**The records**
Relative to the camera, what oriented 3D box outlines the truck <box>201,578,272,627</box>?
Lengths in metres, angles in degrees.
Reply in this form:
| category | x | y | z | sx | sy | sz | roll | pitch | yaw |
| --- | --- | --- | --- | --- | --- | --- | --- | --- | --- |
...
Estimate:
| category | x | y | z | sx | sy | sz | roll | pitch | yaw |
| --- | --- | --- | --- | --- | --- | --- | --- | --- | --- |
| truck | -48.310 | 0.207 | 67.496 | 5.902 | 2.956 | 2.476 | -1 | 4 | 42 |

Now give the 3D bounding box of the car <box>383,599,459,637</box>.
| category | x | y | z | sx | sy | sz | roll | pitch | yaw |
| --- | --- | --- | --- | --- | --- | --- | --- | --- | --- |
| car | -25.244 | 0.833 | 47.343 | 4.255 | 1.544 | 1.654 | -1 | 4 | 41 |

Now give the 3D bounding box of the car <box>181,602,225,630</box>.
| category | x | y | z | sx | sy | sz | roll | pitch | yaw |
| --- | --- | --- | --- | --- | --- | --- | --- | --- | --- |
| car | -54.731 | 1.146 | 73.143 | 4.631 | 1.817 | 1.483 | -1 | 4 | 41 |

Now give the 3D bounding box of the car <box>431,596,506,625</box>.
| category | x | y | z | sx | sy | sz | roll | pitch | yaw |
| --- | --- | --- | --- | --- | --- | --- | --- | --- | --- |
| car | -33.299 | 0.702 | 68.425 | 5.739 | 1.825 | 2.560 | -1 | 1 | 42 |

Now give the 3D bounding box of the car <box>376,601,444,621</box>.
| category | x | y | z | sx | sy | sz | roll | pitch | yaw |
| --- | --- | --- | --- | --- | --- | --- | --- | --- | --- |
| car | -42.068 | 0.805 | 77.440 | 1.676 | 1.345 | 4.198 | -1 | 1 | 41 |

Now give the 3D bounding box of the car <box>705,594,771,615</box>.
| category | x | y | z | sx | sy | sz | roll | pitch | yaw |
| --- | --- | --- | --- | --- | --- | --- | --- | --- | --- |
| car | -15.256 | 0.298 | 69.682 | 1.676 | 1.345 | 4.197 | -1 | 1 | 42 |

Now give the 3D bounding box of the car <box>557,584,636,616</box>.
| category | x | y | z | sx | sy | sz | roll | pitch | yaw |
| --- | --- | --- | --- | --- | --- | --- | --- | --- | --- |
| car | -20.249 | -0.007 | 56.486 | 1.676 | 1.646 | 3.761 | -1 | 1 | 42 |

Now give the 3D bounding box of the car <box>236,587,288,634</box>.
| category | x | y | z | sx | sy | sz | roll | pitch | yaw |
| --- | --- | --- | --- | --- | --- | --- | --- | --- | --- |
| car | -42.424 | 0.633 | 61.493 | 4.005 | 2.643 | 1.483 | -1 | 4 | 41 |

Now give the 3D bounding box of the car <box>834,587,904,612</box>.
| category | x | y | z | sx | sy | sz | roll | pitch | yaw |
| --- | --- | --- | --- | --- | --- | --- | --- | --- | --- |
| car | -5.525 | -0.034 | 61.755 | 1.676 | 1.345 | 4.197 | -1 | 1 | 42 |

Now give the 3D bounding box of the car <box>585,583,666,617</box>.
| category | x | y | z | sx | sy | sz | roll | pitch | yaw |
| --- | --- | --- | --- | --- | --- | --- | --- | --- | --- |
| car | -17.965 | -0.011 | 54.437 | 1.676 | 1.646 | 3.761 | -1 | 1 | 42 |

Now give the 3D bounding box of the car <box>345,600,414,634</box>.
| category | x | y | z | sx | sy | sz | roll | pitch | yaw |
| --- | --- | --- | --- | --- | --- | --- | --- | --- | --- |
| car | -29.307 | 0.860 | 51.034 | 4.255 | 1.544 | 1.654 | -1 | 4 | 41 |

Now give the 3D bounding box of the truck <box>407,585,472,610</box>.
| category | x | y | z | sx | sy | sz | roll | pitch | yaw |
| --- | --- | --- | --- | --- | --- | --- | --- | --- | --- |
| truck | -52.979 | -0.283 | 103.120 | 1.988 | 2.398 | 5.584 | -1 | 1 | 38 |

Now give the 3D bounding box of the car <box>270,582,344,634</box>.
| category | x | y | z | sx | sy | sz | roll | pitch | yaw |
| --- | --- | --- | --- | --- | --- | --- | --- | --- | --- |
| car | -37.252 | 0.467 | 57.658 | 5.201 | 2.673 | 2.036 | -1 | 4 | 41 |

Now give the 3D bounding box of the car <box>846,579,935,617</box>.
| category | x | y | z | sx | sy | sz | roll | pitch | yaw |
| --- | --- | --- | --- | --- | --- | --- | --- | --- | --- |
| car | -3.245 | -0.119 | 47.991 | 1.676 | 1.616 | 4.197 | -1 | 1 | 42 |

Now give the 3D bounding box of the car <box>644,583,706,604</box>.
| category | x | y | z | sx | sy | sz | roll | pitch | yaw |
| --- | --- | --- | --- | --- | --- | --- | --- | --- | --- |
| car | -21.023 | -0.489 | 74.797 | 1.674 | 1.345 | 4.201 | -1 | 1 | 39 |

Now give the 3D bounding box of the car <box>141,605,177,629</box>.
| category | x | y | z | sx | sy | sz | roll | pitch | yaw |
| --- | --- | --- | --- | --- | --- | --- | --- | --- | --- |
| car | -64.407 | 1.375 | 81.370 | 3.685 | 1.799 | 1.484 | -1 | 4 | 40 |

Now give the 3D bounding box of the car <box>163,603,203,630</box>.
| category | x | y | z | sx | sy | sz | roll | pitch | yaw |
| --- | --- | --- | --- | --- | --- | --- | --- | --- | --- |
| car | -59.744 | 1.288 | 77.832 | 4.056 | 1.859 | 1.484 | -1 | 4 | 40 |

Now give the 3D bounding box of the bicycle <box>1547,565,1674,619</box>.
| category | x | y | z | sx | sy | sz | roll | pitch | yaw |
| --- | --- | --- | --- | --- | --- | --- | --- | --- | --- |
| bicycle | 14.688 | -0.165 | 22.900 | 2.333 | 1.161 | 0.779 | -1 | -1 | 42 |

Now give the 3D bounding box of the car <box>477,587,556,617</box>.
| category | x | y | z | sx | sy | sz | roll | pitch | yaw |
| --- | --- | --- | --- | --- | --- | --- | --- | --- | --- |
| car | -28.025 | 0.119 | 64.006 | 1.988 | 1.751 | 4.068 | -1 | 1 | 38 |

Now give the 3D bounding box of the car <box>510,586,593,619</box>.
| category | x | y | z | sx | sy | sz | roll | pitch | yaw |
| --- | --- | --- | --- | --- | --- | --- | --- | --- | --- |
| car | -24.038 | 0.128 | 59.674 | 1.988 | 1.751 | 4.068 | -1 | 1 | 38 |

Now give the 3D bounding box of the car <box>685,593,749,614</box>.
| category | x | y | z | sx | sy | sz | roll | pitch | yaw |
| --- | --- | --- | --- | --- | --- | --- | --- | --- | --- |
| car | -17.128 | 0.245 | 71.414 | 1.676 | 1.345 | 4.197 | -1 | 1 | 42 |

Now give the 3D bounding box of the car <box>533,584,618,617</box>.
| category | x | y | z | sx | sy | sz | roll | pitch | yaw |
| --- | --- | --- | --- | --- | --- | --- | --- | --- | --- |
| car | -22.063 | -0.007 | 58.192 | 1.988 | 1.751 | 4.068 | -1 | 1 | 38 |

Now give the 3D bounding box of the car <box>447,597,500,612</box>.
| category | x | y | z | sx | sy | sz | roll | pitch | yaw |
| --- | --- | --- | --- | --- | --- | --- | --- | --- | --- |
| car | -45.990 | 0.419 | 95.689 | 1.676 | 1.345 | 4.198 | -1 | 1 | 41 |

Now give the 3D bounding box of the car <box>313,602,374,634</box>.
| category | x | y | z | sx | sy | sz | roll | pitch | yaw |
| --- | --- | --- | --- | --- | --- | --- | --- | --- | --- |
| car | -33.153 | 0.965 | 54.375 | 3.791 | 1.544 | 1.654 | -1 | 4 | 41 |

**Work request**
Find "the car <box>313,602,374,634</box>." in the data above, then repeat that line and all lines after it exactly, ending with the final line.

**Solution to this task**
Now give the 3D bounding box of the car <box>313,602,374,634</box>.
| category | x | y | z | sx | sy | sz | roll | pitch | yaw |
| --- | --- | --- | --- | --- | --- | --- | --- | --- | --- |
| car | -33.153 | 0.965 | 54.375 | 3.791 | 1.544 | 1.654 | -1 | 4 | 41 |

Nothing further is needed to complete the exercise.